5. Page 30, discussion about numerical diffusion: The authors acknowledge that the fixed sectional discretization chosen is prone to numerical diffusion. They also state that this is circumvented by using enough bins. However, if the model is to be used in 3D atmospheric, or even climate models, one can typically not afford to use a very big number of bins, and this is why other methods, such as the moving center method (which is mentioned) has been proven useful.
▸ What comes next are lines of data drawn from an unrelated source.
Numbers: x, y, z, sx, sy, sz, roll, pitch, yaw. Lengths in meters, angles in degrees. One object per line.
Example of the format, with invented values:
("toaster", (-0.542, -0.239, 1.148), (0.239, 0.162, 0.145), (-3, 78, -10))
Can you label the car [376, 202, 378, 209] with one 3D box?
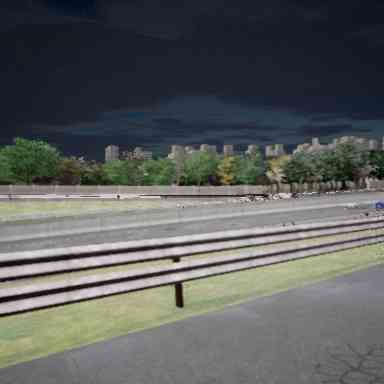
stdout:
("car", (29.769, 1.735, 50.171), (5.008, 1.535, 1.882), (-3, 2, -28))

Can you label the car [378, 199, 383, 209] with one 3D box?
("car", (28.646, 1.590, 45.575), (5.566, 2.045, 2.150), (-3, 2, -28))

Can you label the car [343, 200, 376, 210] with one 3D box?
("car", (26.035, 1.912, 52.126), (4.718, 1.301, 1.895), (-3, 2, -29))
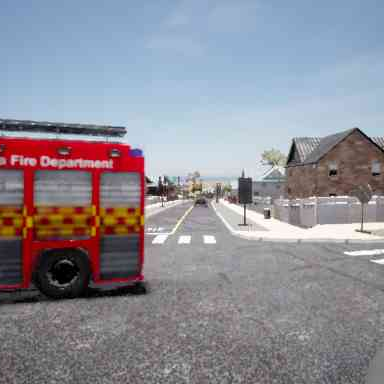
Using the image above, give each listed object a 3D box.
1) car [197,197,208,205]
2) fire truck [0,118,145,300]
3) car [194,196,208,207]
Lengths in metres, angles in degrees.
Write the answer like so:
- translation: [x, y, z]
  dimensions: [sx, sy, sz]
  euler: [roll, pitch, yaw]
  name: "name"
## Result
- translation: [2.005, 1.749, 64.298]
  dimensions: [2.033, 1.411, 5.357]
  euler: [0, 0, 3]
  name: "car"
- translation: [-5.347, 0.352, 7.424]
  dimensions: [8.468, 3.827, 2.891]
  euler: [1, 1, -17]
  name: "fire truck"
- translation: [1.517, 1.493, 54.269]
  dimensions: [2.097, 1.767, 4.553]
  euler: [0, 0, 3]
  name: "car"
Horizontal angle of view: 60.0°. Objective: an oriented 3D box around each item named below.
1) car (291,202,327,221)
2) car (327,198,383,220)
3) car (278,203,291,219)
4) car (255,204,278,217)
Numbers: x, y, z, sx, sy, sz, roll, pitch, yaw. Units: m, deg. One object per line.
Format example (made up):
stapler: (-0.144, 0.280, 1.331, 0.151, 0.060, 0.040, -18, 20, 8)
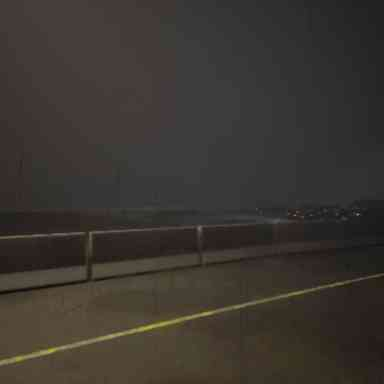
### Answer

This, I believe, needs more clarification, especially since in the summary (page 58) MAFOR2.0 is envisioned “a state-of-the-art benchmark model” to be also implemented into earth system models.
6. The theory in Appendix B is a bit hard to follow. Is B2 a time-differenced result of B1? (together with B4?) And, where does B3 come from? For the reader, it would be clearer to first show the differential equation, the mention how it is discretized, and finally show the discretized equation.

Bergman, T., Kerminen, V-M., Korhonen, H., Lehtinen, K. J., Makkonen, R., Arola, A., Mielonen, T., Romakkaniemi, S., Kulmala, M., & Kokkola, H. (2012). Evaluation of the sectional aerosol microphysics module SALSA implementation in ECHAM5-HAM aerosol-climate model. Geoscientific Model Development, 5(3), 845-868. https://doi.org/10.5194/gmd-5-845-2012Y.

H. Lee & P. J. Adams (2012): A Fast and Efficient Version of the Two-Moment Aerosol Sectional (TOMAS) Global Aerosol Microphysics Model, Aerosol Science and Technology, 46:6, 678-689.

Spracklen, D., K. Pringle, K. Carslaw, M. Chipperfield, and G. Mann (2005a), A global off-line model of size-resolved aerosol microphysics; I. Model development and prediction of aerosol properties, Atmos. Chem. Phys., 5, 2227 – 2252.